BALIKPAPAN, Fokusborneo.com – Upaya menuntaskan kegiatan Konsolidasi Tanah Tahun Anggaran 2023 terus dikebut. Kantor Pertanahan Kota Balikpapan menggelar rapat koordinasi secara daring bersama Pusat Data dan Informasi (Pusdatin) Kementerian ATR/BPN, Kamis (16/07/2026).
Rapat ini secara khusus membahas berbagai kendala teknis yang selama ini menghambat proses penyelesaian sertipikasi Konsolidasi Tanah di Kelurahan Margasari, Kecamatan Balikpapan Barat.
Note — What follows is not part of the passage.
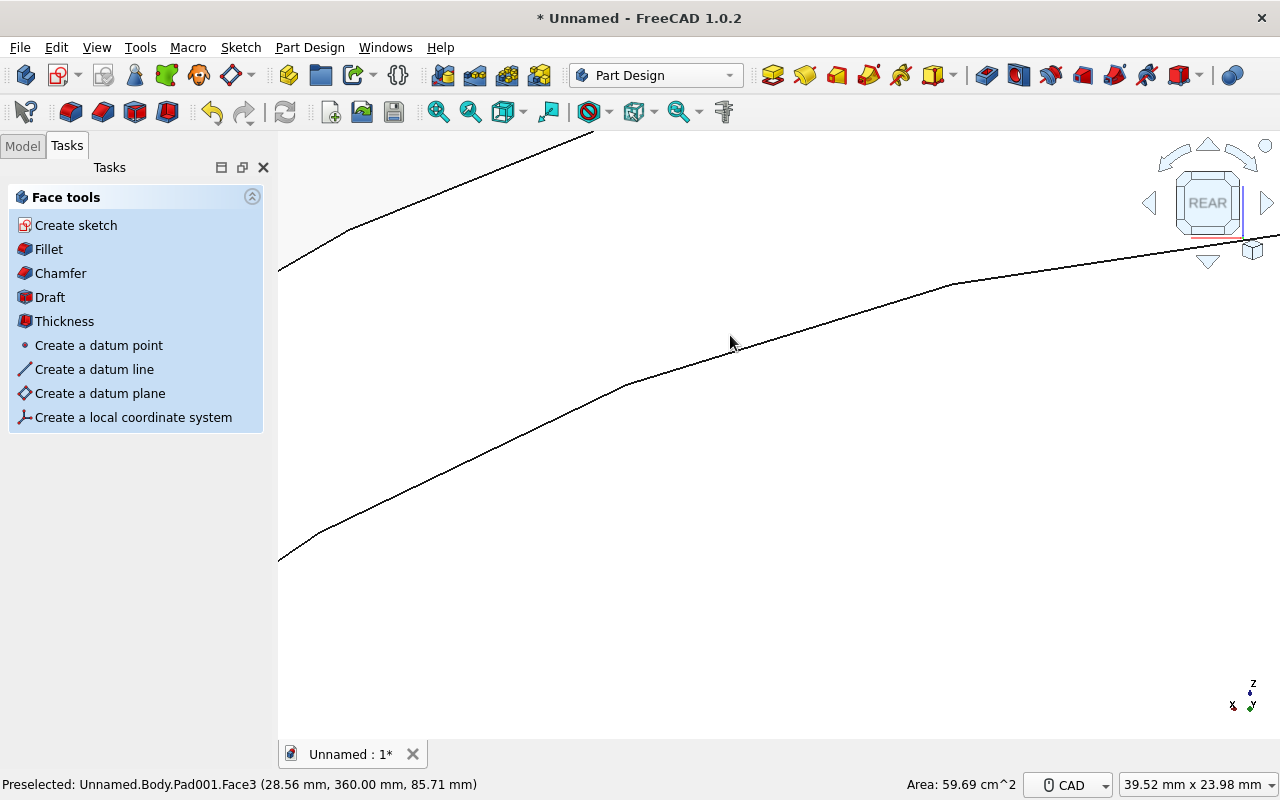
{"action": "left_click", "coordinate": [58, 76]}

Kepala Kantor Pertanahan Kota Balikpapan, Subur, dalam sambutannya menegaskan bahwa penyelesaian program Konsolidasi Tanah TA 2023 tetap menjadi prioritas dan akan kembali dilanjutkan pada tahun ini.
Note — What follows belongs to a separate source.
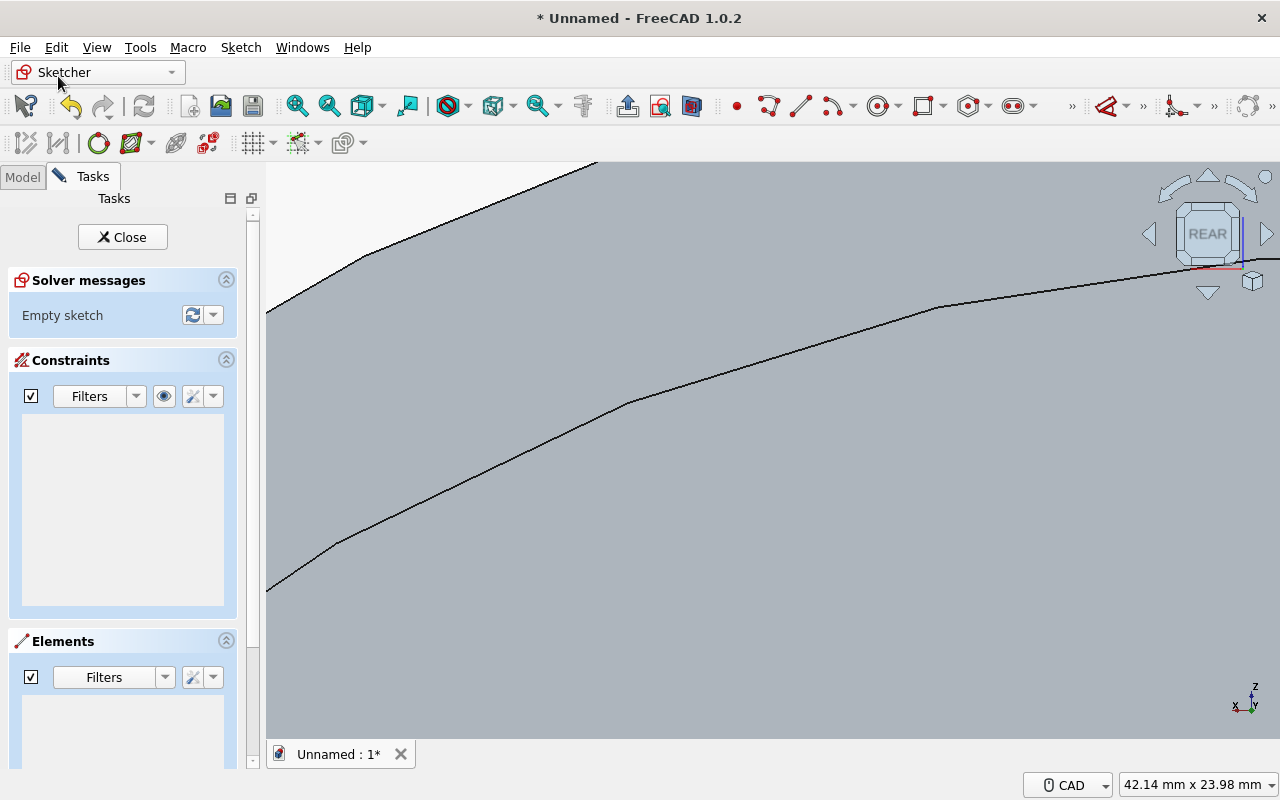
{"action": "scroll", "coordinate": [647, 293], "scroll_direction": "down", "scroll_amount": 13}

“Melalui koordinasi ini, kami berharap berbagai kendala teknis dapat segera teratasi, sehingga proses penyelesaian kegiatan dapat berjalan sesuai ketentuan,” ujarnya.
Dalam rapat tersebut, tim Kantor Pertanahan Kota Balikpapan memaparkan sejumlah hambatan, terutama terkait penggunaan aplikasi Komputerisasi Kegiatan Pertanahan (KKP).
Menanggapi hal itu, tim Pusdatin ATR/BPN memberikan pendampingan sekaligus solusi teknis yang dibutuhkan. Hasilnya, sejumlah permasalahan yang sebelumnya menghambat kini mulai menemukan jalan keluar, sehingga proses penyelesaian berkas dapat kembali dilanjutkan.
Turut hadir dalam kegiatan ini, perwakilan Pusdatin ATR/BPN, Meta Murniati dan Andi Pujianto, yang memberikan arahan teknis secara langsung kepada tim di Balikpapan.
Melalui koordinasi ini, diharapkan penyelesaian Konsolidasi Tanah TA 2023 dapat berjalan lebih optimal, sekaligus mempercepat penerbitan sertipikat. Langkah ini juga diharapkan mampu memberikan kepastian hukum atas tanah bagi masyarakat Kota Balikpapan.